▸ TASK BRIEF
Could you copy every line of the data that contains "Contents"?

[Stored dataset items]
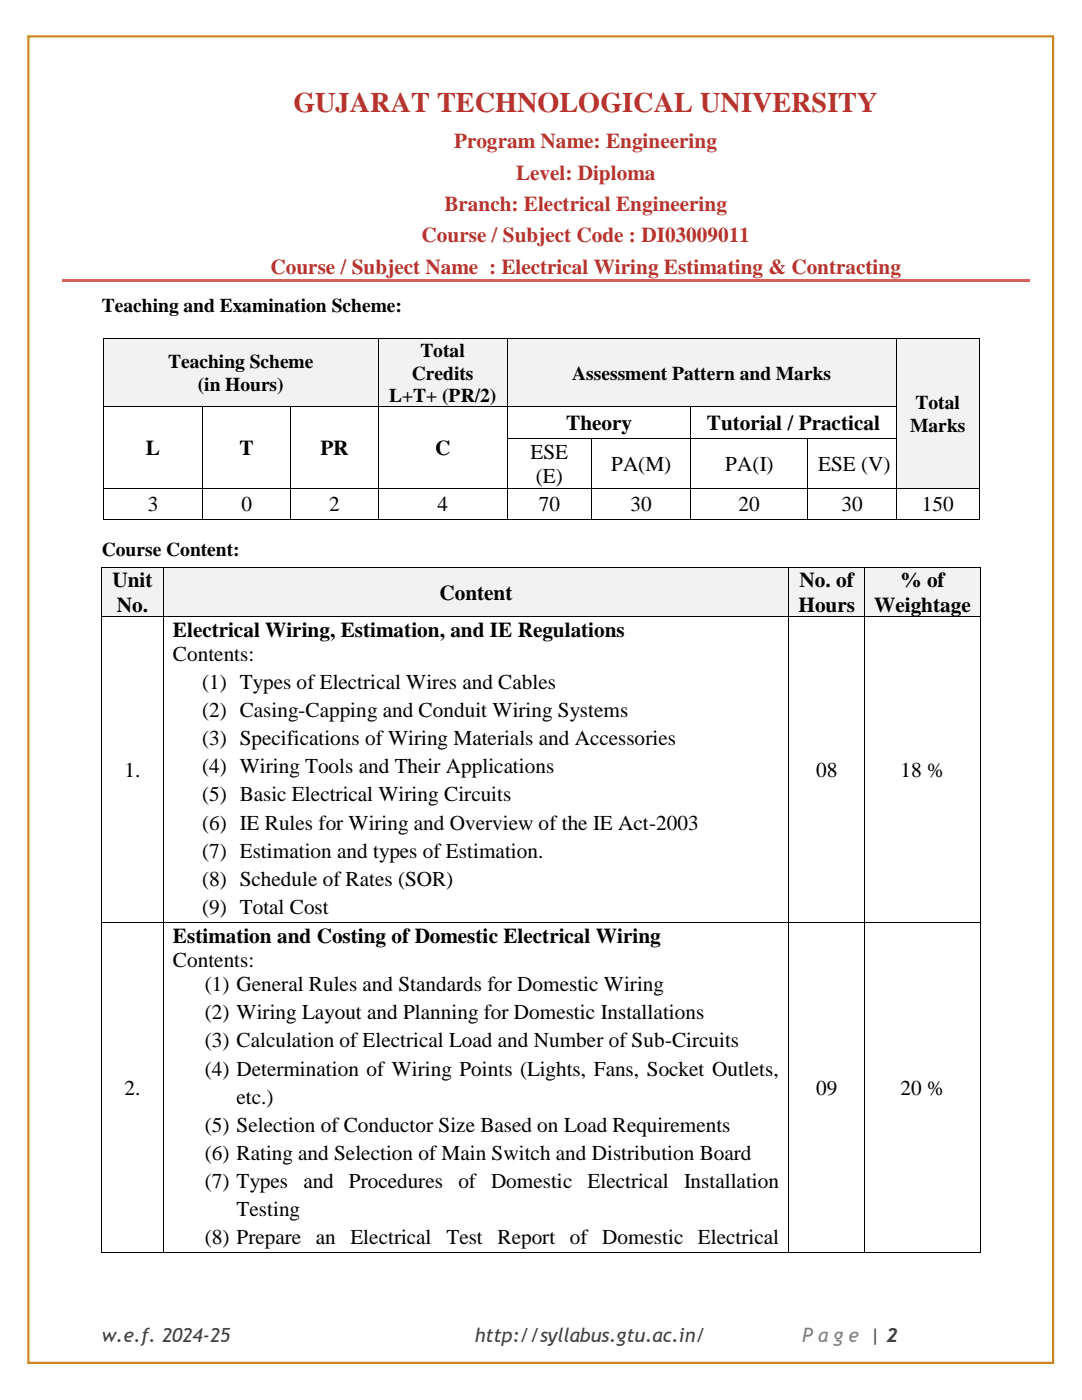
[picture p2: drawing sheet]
<svg xmlns="http://www.w3.org/2000/svg" width="216mm" height="279mm" viewBox="0 0 216 279" stroke-linecap="round" stroke-linejoin="round" font-family="sans-serif">
<defs><g id="words">
<text font-size="5.6" fill="#b6332e" x="58.6" y="22.3">GUJARAT TECHNOLOGICAL UNIVERSITY</text>
<g font-size="4.2" fill="#b6332e">
<text x="90.7" y="29.6">Program Name: Engineering</text>
<text x="103" y="35.9">Level: Diploma</text>
<text x="88.7" y="42.1">Branch: Electrical Engineering</text>
<text x="84.1" y="48.4">Course / Subject Code : DI03009011</text>
<text x="54" y="54.7">Course / Subject Name : Electrical Wiring Estimating &amp; Contracting</text>
</g>
<g font-size="4.2">
<text x="113" y="85.9">Theory</text>
<text x="141" y="85.9">Tutorial / Practical</text>
<text x="29.1" y="90.8">L</text>
<text x="47.8" y="90.8">T</text>
<text x="63.9" y="90.8">PR</text>
<text x="86.8" y="90.8">C</text>
<text x="105.9" y="91.5">ESE</text>
<text x="121.9" y="94">PA(M)</text>
<text x="144.7" y="94">PA(I)</text>
<text x="163.2" y="94">ESE (V)</text>
<text x="29.5" y="102">3</text>
<text x="48.2" y="102">0</text>
<text x="65.7" y="102">2</text>
<text x="87.3" y="102">4</text>
<text x="106.9" y="96.4">(E)</text>
<text x="107.5" y="102">70</text>
<text x="125.8" y="102">30</text>
<text x="147.4" y="102">20</text>
<text x="167.9" y="102">30</text>
<text x="183.9" y="102">150</text>
<text x="22.4" y="117.2">Unit</text>
<text x="87.7" y="119.7">Content</text>
<text x="159.5" y="117.2">No. of</text>
<text x="179.7" y="117.2">% of</text>
<text x="23.3" y="122.1">No.</text>
<text x="159.3" y="122.1">Hours</text>
<text x="174.4" y="122.1">Weightage</text>
<text x="34.5" y="127.1">Electrical Wiring, Estimation, and IE Regulations</text>
<text x="34.5" y="131.9">Contents:</text>
<text x="40.3" y="137.6">(1) Types of Electrical Wires and Cables</text>
<text x="40.3" y="143.1">(2) Casing-Capping and Conduit Wiring Systems</text>
<text x="40.3" y="148.7">(3) Specifications of Wiring Materials and Accessories</text>
<text x="24.9" y="155">1.</text>
<text x="40.3" y="154.3">(4) Wiring Tools and Their Applications</text>
<text x="162.8" y="155">08</text>
<text x="179.7" y="155">18 %</text>
<text x="40.3" y="159.9">(5) Basic Electrical Wiring Circuits</text>
<text x="40.3" y="165.5">(6) IE Rules for Wiring and Overview of the IE Act-2003</text>
<text x="40.3" y="171.1">(7) Estimation and types of Estimation.</text>
<text x="40.3" y="176.7">(8) Schedule of Rates (SOR)</text>
<text x="40.3" y="182.3">(9) Total Cost</text>
<text x="34.5" y="188.2">Estimation and Costing of Domestic Electrical Wiring</text>
<text x="34.5" y="192.9">Contents:</text>
<text x="40.9" y="197.8">(1) General Rules and Standards for Domestic Wiring</text>
<text x="40.9" y="203.4">(2) Wiring Layout and Planning for Domestic Installations</text>
<text x="40.9" y="209">(3) Calculation of Electrical Load and Number of Sub-Circuits</text>
<text x="40.9" y="214.7">(4) Determination of Wiring Points (Lights, Fans, Socket Outlets,</text>
<text x="24.9" y="218.5">2.</text>
<text x="47.2" y="220.3">etc.)</text>
<text x="162.8" y="218.5">09</text>
<text x="179.7" y="218.5">20 %</text>
<text x="40.9" y="225.8">(5) Selection of Conductor Size Based on Load Requirements</text>
<text x="40.9" y="231.4">(6) Rating and Selection of Main Switch and Distribution Board</text>
<text x="40.9" y="237.1">(7) Types</text>
<text x="60.5" y="237.1">and</text>
<text x="69.6" y="237.1">Procedures</text>
<text x="91.5" y="237.1">of Domestic</text>
<text x="117.2" y="237.1">Electrical</text>
<text x="136.5" y="237.1">Installation</text>
<text x="47.2" y="242.6">Testing</text>
<text x="40.9" y="248.2">(8) Prepare an Electrical</text>
<text x="89.1" y="248.2">Test Report of Domestic Electrical</text>
</g>
<g font-size="3.9">
<text x="20.3" y="62.2">Teaching and Examination Scheme:</text>
<text x="83.9" y="71.3">Total</text>
<text x="33.5" y="73.5">Teaching Scheme</text>
<text x="82.2" y="75.8">Credits</text>
<text x="114.2" y="75.8">Assessment Pattern and Marks</text>
<text x="39.5" y="78">(in Hours)</text>
<text x="77.7" y="80.2">L+T+ (PR/2)</text>
<text x="182.7" y="81.7">Total</text>
<text x="181.6" y="86.2">Marks</text>
<text x="20.3" y="110.9">Course Content:</text>
</g>
<g font-size="3.9" fill="#404040">
<text x="20.3" y="267.8">w.e.f. 2024-25</text>
<text x="94.7" y="267.8">http://syllabus.gtu.ac.in/</text>
</g>
<text font-size="3.9" fill="#7f7f7f" x="160.1" y="267.8">P a g e | 2</text>
</g></defs>
<g fill="#d6615c">
<path d="M12.4 55.7h35.4v.5h-35.4z" fill-rule="evenodd"/>
<path d="M47.6 55.7h.5v.5h-.5z" fill-rule="evenodd"/>
<path d="M48.1 55.7h157.3v.5h-157.3z" fill-rule="evenodd"/>
</g>
<path d="M5.7 7.2h204.4v264.8h-204.4z" fill="none" stroke="#cd861b" stroke-width=".44"/>
<g fill="#f2f2f2">
<path d="M20.7 67.7h54.7v2.2h-54.7z" fill-rule="evenodd"/>
<path d="M20.7 69.9h1.8v9h-1.8z" fill-rule="evenodd"/>
<path d="M73.6 69.9h1.8v9h-1.8z" fill-rule="evenodd"/>
<path d="M20.7 78.9h54.7v2.2h-54.7z" fill-rule="evenodd"/>
<path d="M22.5 69.9h51.1v4.5h-51.1z" fill-rule="evenodd"/>
<path d="M22.5 74.4h51.1v4.5h-51.1z" fill-rule="evenodd"/>
<path d="M75.6 67.7h1.8v13.4h-1.8z" fill-rule="evenodd"/>
<path d="M99.3 67.7h1.8v13.4h-1.8z" fill-rule="evenodd"/>
<path d="M77.4 67.7h21.9v4.5h-21.9z" fill-rule="evenodd"/>
<path d="M77.4 72.2h21.9v4.4h-21.9z" fill-rule="evenodd"/>
<path d="M77.4 76.6h21.9v4.5h-21.9z" fill-rule="evenodd"/>
<path d="M101.3 67.7h77.5v4.5h-77.5z" fill-rule="evenodd"/>
<path d="M101.3 72.2h1.8v4.4h-1.8z" fill-rule="evenodd"/>
<path d="M177 72.2h1.8v4.4h-1.8z" fill-rule="evenodd"/>
<path d="M101.3 76.6h77.5v4.5h-77.5z" fill-rule="evenodd"/>
<path d="M103.1 72.2h73.9v4.4h-73.9z" fill-rule="evenodd"/>
<path d="M179 67.7h16.3v10.4h-16.3z" fill-rule="evenodd"/>
<path d="M179 78.1h1.8v9h-1.8z" fill-rule="evenodd"/>
<path d="M193.5 78.1h1.8v9h-1.8z" fill-rule="evenodd"/>
<path d="M179 87.1h16.3v10.4h-16.3z" fill-rule="evenodd"/>
<path d="M180.8 78.1h12.7v4.5h-12.7z" fill-rule="evenodd"/>
<path d="M180.8 82.6h12.7v4.5h-12.7z" fill-rule="evenodd"/>
</g>
<g fill="#000">
<path d="M20.5 67.5h.2v.2h-.2z" fill-rule="evenodd"/>
<path d="M20.5 67.5h.2v.2h-.2z" fill-rule="evenodd"/>
<path d="M75.4 67.5h.2v.2h-.2z" fill-rule="evenodd"/>
<path d="M101.1 67.5h.2v.2h-.2z" fill-rule="evenodd"/>
<path d="M178.8 67.5h.2v.2h-.2z" fill-rule="evenodd"/>
<path d="M195.3 67.5h.2v.2h-.2z" fill-rule="evenodd"/>
<path d="M195.3 67.5h.2v.2h-.2z" fill-rule="evenodd"/>
</g>
<path d="M20.6 67.7v13.4M20.7 67.6h54.7M75.5 67.7v13.4M75.6 67.6h25.5M101.2 67.7v13.4M101.3 67.6h77.5M178.9 67.7v13.4M179 67.6h16.3M195.4 67.7v13.4" fill="none" stroke="#000" stroke-width=".2"/>
<g fill="#fff">
<path d="M20.7 81.3h19.7v5.6h-19.7z" fill-rule="evenodd"/>
<path d="M20.7 86.9h1.8v4.9h-1.8z" fill-rule="evenodd"/>
<path d="M38.6 86.9h1.8v4.9h-1.8z" fill-rule="evenodd"/>
<path d="M20.7 91.8h19.7v5.7h-19.7z" fill-rule="evenodd"/>
<path d="M22.5 86.9h16.1v4.9h-16.1z" fill-rule="evenodd"/>
<path d="M40.6 81.3h17.3v5.6h-17.3z" fill-rule="evenodd"/>
<path d="M40.6 86.9h1.8v4.9h-1.8z" fill-rule="evenodd"/>
<path d="M56.1 86.9h1.8v4.9h-1.8z" fill-rule="evenodd"/>
<path d="M40.6 91.8h17.3v5.7h-17.3z" fill-rule="evenodd"/>
<path d="M42.4 86.9h13.7v4.9h-13.7z" fill-rule="evenodd"/>
<path d="M58.1 81.3h17.3v5.6h-17.3z" fill-rule="evenodd"/>
<path d="M58.1 86.9h1.8v4.9h-1.8z" fill-rule="evenodd"/>
<path d="M73.6 86.9h1.8v4.9h-1.8z" fill-rule="evenodd"/>
<path d="M58.1 91.8h17.3v5.7h-17.3z" fill-rule="evenodd"/>
<path d="M59.9 86.9h13.7v4.9h-13.7z" fill-rule="evenodd"/>
<path d="M75.6 81.3h25.5v5.6h-25.5z" fill-rule="evenodd"/>
<path d="M75.6 86.9h1.8v4.9h-1.8z" fill-rule="evenodd"/>
<path d="M99.3 86.9h1.8v4.9h-1.8z" fill-rule="evenodd"/>
<path d="M75.6 91.8h25.5v5.7h-25.5z" fill-rule="evenodd"/>
<path d="M77.4 86.9h21.9v4.9h-21.9z" fill-rule="evenodd"/>
<path d="M101.3 81.3h36.5v.7h-36.5z" fill-rule="evenodd"/>
<path d="M101.3 82h1.8v4.8h-1.8z" fill-rule="evenodd"/>
<path d="M136 82h1.8v4.8h-1.8z" fill-rule="evenodd"/>
<path d="M101.3 86.8h36.5v.7h-36.5z" fill-rule="evenodd"/>
<path d="M103.1 82h32.9v4.8h-32.9z" fill-rule="evenodd"/>
<path d="M137.9 81.3h40.9v.7h-40.9z" fill-rule="evenodd"/>
<path d="M137.9 82h1.9v4.8h-1.9z" fill-rule="evenodd"/>
<path d="M177 82h1.8v4.8h-1.8z" fill-rule="evenodd"/>
<path d="M137.9 86.8h40.9v.7h-40.9z" fill-rule="evenodd"/>
<path d="M139.8 82h37.2v4.8h-37.2z" fill-rule="evenodd"/>
</g>
<g fill="#000">
<path d="M20.5 81.1h.2v.2h-.2z" fill-rule="evenodd"/>
<path d="M40.4 81.1h.2v.2h-.2z" fill-rule="evenodd"/>
<path d="M57.9 81.1h.2v.2h-.2z" fill-rule="evenodd"/>
<path d="M75.4 81.1h.2v.2h-.2z" fill-rule="evenodd"/>
<path d="M101.1 81.1h.2v.2h-.2z" fill-rule="evenodd"/>
<path d="M137.8 81.1h.1v.2h-.1z" fill-rule="evenodd"/>
<path d="M178.8 81.1h.2v.2h-.2z" fill-rule="evenodd"/>
<path d="M195.3 81.1h.2v.2h-.2z" fill-rule="evenodd"/>
</g>
<g fill="none" stroke="#000" stroke-width=".2">
<path d="M20.6 81.3v6.2M20.7 81.2h19.7M40.5 81.3v6.2M40.6 81.2h17.3M58 81.3v6.2M58.1 81.2h17.3M75.5 81.3v6.2M75.6 81.2h25.5M101.2 81.3v6.2M101.3 81.2h36.5M137.9 81.3v6.2M137.9 81.2h40.9"/>
<path d="M178.9 81.3v6.2M195.4 81.3v6.2"/>
</g>
<g fill="#fff">
<path d="M101.3 87.7h1.8v9.8h-1.8z" fill-rule="evenodd"/>
<path d="M116.1 87.7h1.8v9.8h-1.8z" fill-rule="evenodd"/>
<path d="M103.1 87.7h13v4.9h-13z" fill-rule="evenodd"/>
<path d="M103.1 92.6h13v4.9h-13z" fill-rule="evenodd"/>
<path d="M118.1 87.7h19.7v2.4h-19.7z" fill-rule="evenodd"/>
<path d="M118.1 90.1h1.8v4.9h-1.8z" fill-rule="evenodd"/>
<path d="M136 90.1h1.8v4.9h-1.8z" fill-rule="evenodd"/>
<path d="M118.1 95h19.7v2.5h-19.7z" fill-rule="evenodd"/>
<path d="M119.9 90.1h16.1v4.9h-16.1z" fill-rule="evenodd"/>
<path d="M137.9 87.7h23.2v2.4h-23.2z" fill-rule="evenodd"/>
<path d="M137.9 90.1h1.9v4.9h-1.9z" fill-rule="evenodd"/>
<path d="M159.3 90.1h1.8v4.9h-1.8z" fill-rule="evenodd"/>
<path d="M137.9 95h23.2v2.5h-23.2z" fill-rule="evenodd"/>
<path d="M139.8 90.1h19.5v4.9h-19.5z" fill-rule="evenodd"/>
<path d="M161.3 87.7h17.5v2.4h-17.5z" fill-rule="evenodd"/>
<path d="M161.3 90.1h1.8v4.9h-1.8z" fill-rule="evenodd"/>
<path d="M177 90.1h1.8v4.9h-1.8z" fill-rule="evenodd"/>
<path d="M161.3 95h17.5v2.5h-17.5z" fill-rule="evenodd"/>
<path d="M163.1 90.1h13.9v4.9h-13.9z" fill-rule="evenodd"/>
</g>
<g fill="#000">
<path d="M20.5 87.5h.2v.2h-.2z" fill-rule="evenodd"/>
<path d="M20.5 97.5h.2v.1h-.2z" fill-rule="evenodd"/>
<path d="M40.4 87.5h.2v.2h-.2z" fill-rule="evenodd"/>
<path d="M40.4 97.5h.2v.1h-.2z" fill-rule="evenodd"/>
<path d="M57.9 87.5h.2v.2h-.2z" fill-rule="evenodd"/>
<path d="M57.9 97.5h.2v.1h-.2z" fill-rule="evenodd"/>
<path d="M75.4 87.5h.2v.2h-.2z" fill-rule="evenodd"/>
<path d="M75.4 97.5h.2v.1h-.2z" fill-rule="evenodd"/>
<path d="M101.1 87.5h.2v.2h-.2z" fill-rule="evenodd"/>
<path d="M101.1 97.5h.2v.1h-.2z" fill-rule="evenodd"/>
<path d="M118 87.5h.1v.2h-.1z" fill-rule="evenodd"/>
<path d="M118 97.5h.1v.1h-.1z" fill-rule="evenodd"/>
<path d="M137.8 87.5h.1v.2h-.1z" fill-rule="evenodd"/>
<path d="M137.8 97.5h.1v.1h-.1z" fill-rule="evenodd"/>
<path d="M161.1 87.5h.2v.2h-.2z" fill-rule="evenodd"/>
<path d="M161.1 97.5h.2v.1h-.2z" fill-rule="evenodd"/>
<path d="M178.8 87.5h.2v.2h-.2z" fill-rule="evenodd"/>
<path d="M178.8 97.5h.2v.1h-.2z" fill-rule="evenodd"/>
<path d="M195.3 87.5h.2v.2h-.2z" fill-rule="evenodd"/>
<path d="M195.3 97.5h.2v.1h-.2z" fill-rule="evenodd"/>
<path d="M20.5 103.6h.2v.1h-.2z" fill-rule="evenodd"/>
<path d="M20.5 103.6h.2v.1h-.2z" fill-rule="evenodd"/>
<path d="M40.4 103.6h.2v.1h-.2z" fill-rule="evenodd"/>
<path d="M57.9 103.6h.2v.1h-.2z" fill-rule="evenodd"/>
<path d="M75.4 103.6h.2v.1h-.2z" fill-rule="evenodd"/>
<path d="M101.1 103.6h.2v.1h-.2z" fill-rule="evenodd"/>
<path d="M118 103.6h.1v.1h-.1z" fill-rule="evenodd"/>
<path d="M137.8 103.6h.1v.1h-.1z" fill-rule="evenodd"/>
<path d="M161.1 103.6h.2v.1h-.2z" fill-rule="evenodd"/>
<path d="M178.8 103.6h.2v.1h-.2z" fill-rule="evenodd"/>
<path d="M195.3 103.6h.2v.1h-.2z" fill-rule="evenodd"/>
<path d="M195.3 103.6h.2v.1h-.2z" fill-rule="evenodd"/>
</g>
<g fill="none" stroke="#000" stroke-width=".2">
<path d="M20.6 87.7v9.8M20.6 97.6v6M20.7 97.6h19.7M40.5 87.7v9.8M40.5 97.6v6M40.6 97.6h17.3M58 87.7v9.8M58 97.6v6M58.1 97.6h17.3M75.5 87.7v9.8M75.5 97.6v6M75.6 97.6h25.5"/>
<path d="M101.2 87.7v9.8M101.2 97.6v6M101.3 87.6h16.7M101.3 97.6h16.7M118.1 87.7v9.8M118.1 97.6v6M118.1 87.6h19.7M118.1 97.6h19.7M137.9 87.7v9.8M137.9 97.6v6M137.9 87.6h23.2M137.9 97.6h23.2"/>
<path d="M161.2 87.7v9.8M161.2 97.6v6M161.3 87.6h17.5M161.3 97.6h17.5M178.9 87.7v9.8M178.9 97.6v6M179 97.6h16.3M195.4 87.7v9.8M195.4 97.6v6M20.7 103.6h19.7M40.6 103.6h17.3M58.1 103.6h17.3"/>
<path d="M75.6 103.6h25.5M101.3 103.6h16.7M118.1 103.6h19.7M137.9 103.6h23.2M161.3 103.6h17.5M179 103.6h16.3"/>
</g>
<g fill="#f2f2f2">
<path d="M20.4 113.3h1.8v9.7h-1.8z" fill-rule="evenodd"/>
<path d="M30.7 113.3h1.8v9.7h-1.8z" fill-rule="evenodd"/>
<path d="M22.2 113.3h8.5v4.9h-8.5z" fill-rule="evenodd"/>
<path d="M22.2 118.2h8.5v4.8h-8.5z" fill-rule="evenodd"/>
<path d="M32.7 113.3h124.6v2.5h-124.6z" fill-rule="evenodd"/>
<path d="M32.7 115.8h1.8v4.8h-1.8z" fill-rule="evenodd"/>
<path d="M155.5 115.8h1.8v4.8h-1.8z" fill-rule="evenodd"/>
<path d="M32.7 120.6h124.6v2.4h-124.6z" fill-rule="evenodd"/>
<path d="M34.5 115.8h121v4.8h-121z" fill-rule="evenodd"/>
<path d="M157.5 113.3h1.8v9.7h-1.8z" fill-rule="evenodd"/>
<path d="M170.6 113.3h1.9v9.7h-1.9z" fill-rule="evenodd"/>
<path d="M159.3 113.3h11.3v4.9h-11.3z" fill-rule="evenodd"/>
<path d="M159.3 118.2h11.3v4.8h-11.3z" fill-rule="evenodd"/>
<path d="M172.6 113.3h1.8v9.7h-1.8z" fill-rule="evenodd"/>
<path d="M193.7 113.3h1.8v9.7h-1.8z" fill-rule="evenodd"/>
<path d="M174.4 113.3h19.3v4.9h-19.3z" fill-rule="evenodd"/>
<path d="M174.4 118.2h19.3v4.8h-19.3z" fill-rule="evenodd"/>
</g>
<g fill="#000">
<path d="M20.2 113.1h.2v.2h-.2z" fill-rule="evenodd"/>
<path d="M20.2 113.1h.2v.2h-.2z" fill-rule="evenodd"/>
<path d="M32.5 113.1h.2v.2h-.2z" fill-rule="evenodd"/>
<path d="M157.3 113.1h.2v.2h-.2z" fill-rule="evenodd"/>
<path d="M172.5 113.1h.1v.2h-.1z" fill-rule="evenodd"/>
<path d="M195.5 113.1h.2v.2h-.2z" fill-rule="evenodd"/>
<path d="M195.5 113.1h.2v.2h-.2z" fill-rule="evenodd"/>
<path d="M20.2 123h.2v.2h-.2z" fill-rule="evenodd"/>
<path d="M32.5 123h.2v.2h-.2z" fill-rule="evenodd"/>
<path d="M157.3 123h.2v.2h-.2z" fill-rule="evenodd"/>
<path d="M172.5 123h.1v.2h-.1z" fill-rule="evenodd"/>
<path d="M195.5 123h.2v.2h-.2z" fill-rule="evenodd"/>
<path d="M20.2 184.1h.2v.2h-.2z" fill-rule="evenodd"/>
<path d="M32.5 184.1h.2v.2h-.2z" fill-rule="evenodd"/>
<path d="M157.3 184.1h.2v.2h-.2z" fill-rule="evenodd"/>
<path d="M172.5 184.1h.1v.2h-.1z" fill-rule="evenodd"/>
<path d="M195.5 184.1h.2v.2h-.2z" fill-rule="evenodd"/>
<path d="M20.2 250h.2v.1h-.2z" fill-rule="evenodd"/>
<path d="M20.2 250h.2v.1h-.2z" fill-rule="evenodd"/>
<path d="M32.5 250h.2v.1h-.2z" fill-rule="evenodd"/>
<path d="M157.3 250h.2v.1h-.2z" fill-rule="evenodd"/>
<path d="M172.5 250h.1v.1h-.1z" fill-rule="evenodd"/>
<path d="M195.5 250h.2v.1h-.2z" fill-rule="evenodd"/>
<path d="M195.5 250h.2v.1h-.2z" fill-rule="evenodd"/>
</g>
<g fill="none" stroke="#000" stroke-width=".2">
<path d="M20.3 113.3v9.7M20.4 113.2h12.1M32.6 113.3v9.7M32.7 113.2h124.6M157.4 113.3v9.7M157.5 113.2h15M172.5 113.3v9.7M172.6 113.2h22.9M195.6 113.3v9.7M20.3 123.2v60.9M20.4 123.1h12.1M32.6 123.2v60.9"/>
<path d="M32.7 123.1h124.6M157.4 123.2v60.9M157.5 123.1h15M172.5 123.2v60.9M172.6 123.1h22.9M195.6 123.2v60.9M20.3 184.3v65.7M20.4 184.2h12.1M32.6 184.3v65.7M32.7 184.2h124.6M157.4 184.3v65.7M157.5 184.2h15"/>
<path d="M172.5 184.3v65.7M172.6 184.2h22.9M195.6 184.3v65.7M20.4 250.1h12.1M32.7 250.1h124.6M157.5 250.1h15M172.6 250.1h22.9"/>
</g>
<use href="#words"/>
</svg>

▸ WORKED SOLUTION
<text x="34.5" y="131.9">Contents:</text>
<text x="34.5" y="192.9">Contents:</text>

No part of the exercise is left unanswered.